*** INFORMATION SHOWN ***

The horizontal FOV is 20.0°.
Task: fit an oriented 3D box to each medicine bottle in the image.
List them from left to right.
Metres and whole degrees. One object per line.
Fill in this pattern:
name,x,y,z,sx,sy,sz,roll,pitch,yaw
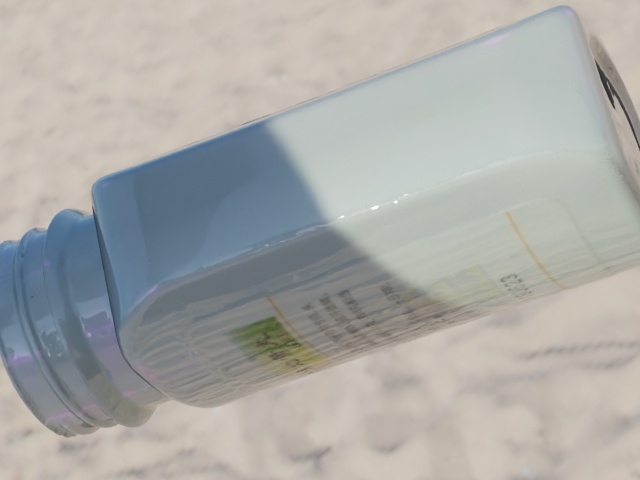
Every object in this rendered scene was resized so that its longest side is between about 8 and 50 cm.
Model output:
medicine bottle,0.000,0.000,0.898,0.324,0.179,0.124,-21,69,15
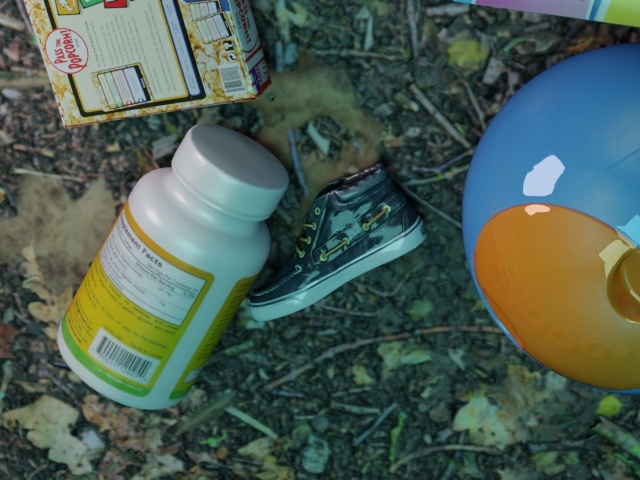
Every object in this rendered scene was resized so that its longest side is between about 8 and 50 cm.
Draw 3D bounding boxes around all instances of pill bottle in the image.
[{"bbox_3d":[-0.129,0.021,1.638,0.136,0.136,0.245,29,114,-4],"label":"pill bottle"}]

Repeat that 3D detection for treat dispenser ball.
[{"bbox_3d":[0.259,-0.018,1.478,0.288,0.288,0.288,3,113,8],"label":"treat dispenser ball"}]

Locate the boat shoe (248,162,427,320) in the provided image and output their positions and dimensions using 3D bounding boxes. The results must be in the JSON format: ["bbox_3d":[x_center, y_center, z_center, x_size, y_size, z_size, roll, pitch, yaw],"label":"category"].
[{"bbox_3d":[0.000,0.000,1.653,0.183,0.065,0.083,-29,105,12],"label":"boat shoe"}]

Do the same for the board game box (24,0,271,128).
[{"bbox_3d":[-0.155,-0.184,1.588,0.193,0.045,0.146,-6,113,21],"label":"board game box"}]

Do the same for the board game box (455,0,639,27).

*** End of INFORMATION SHOWN ***

:: TASK ITEM ::
Copy everything in the listing above exactly except the pictures.

:: SOLUTION FOR THIS PROBLEM ::
The horizontal FOV is 20.0°.
Task: fit an oriented 3D box to each medicine bottle in the image.
List them from left to right.
Metres and whole degrees. One object per line.
Fill in this pattern:
name,x,y,z,sx,sy,sz,roll,pitch,yaw
Every object in this rendered scene was resized so that its longest side is between about 8 and 50 cm.
Model output:
medicine bottle,0.000,0.000,0.898,0.324,0.179,0.124,-21,69,15
Every object in this rendered scene was resized so that its longest side is between about 8 and 50 cm.
Draw 3D bounding boxes around all instances of pill bottle in the image.
[{"bbox_3d":[-0.129,0.021,1.638,0.136,0.136,0.245,29,114,-4],"label":"pill bottle"}]

Repeat that 3D detection for treat dispenser ball.
[{"bbox_3d":[0.259,-0.018,1.478,0.288,0.288,0.288,3,113,8],"label":"treat dispenser ball"}]

Locate the boat shoe (248,162,427,320) in the provided image and output their positions and dimensions using 3D bounding boxes. The results must be in the JSON format: ["bbox_3d":[x_center, y_center, z_center, x_size, y_size, z_size, roll, pitch, yaw],"label":"category"].
[{"bbox_3d":[0.000,0.000,1.653,0.183,0.065,0.083,-29,105,12],"label":"boat shoe"}]

Do the same for the board game box (24,0,271,128).
[{"bbox_3d":[-0.155,-0.184,1.588,0.193,0.045,0.146,-6,113,21],"label":"board game box"}]

Do the same for the board game box (455,0,639,27).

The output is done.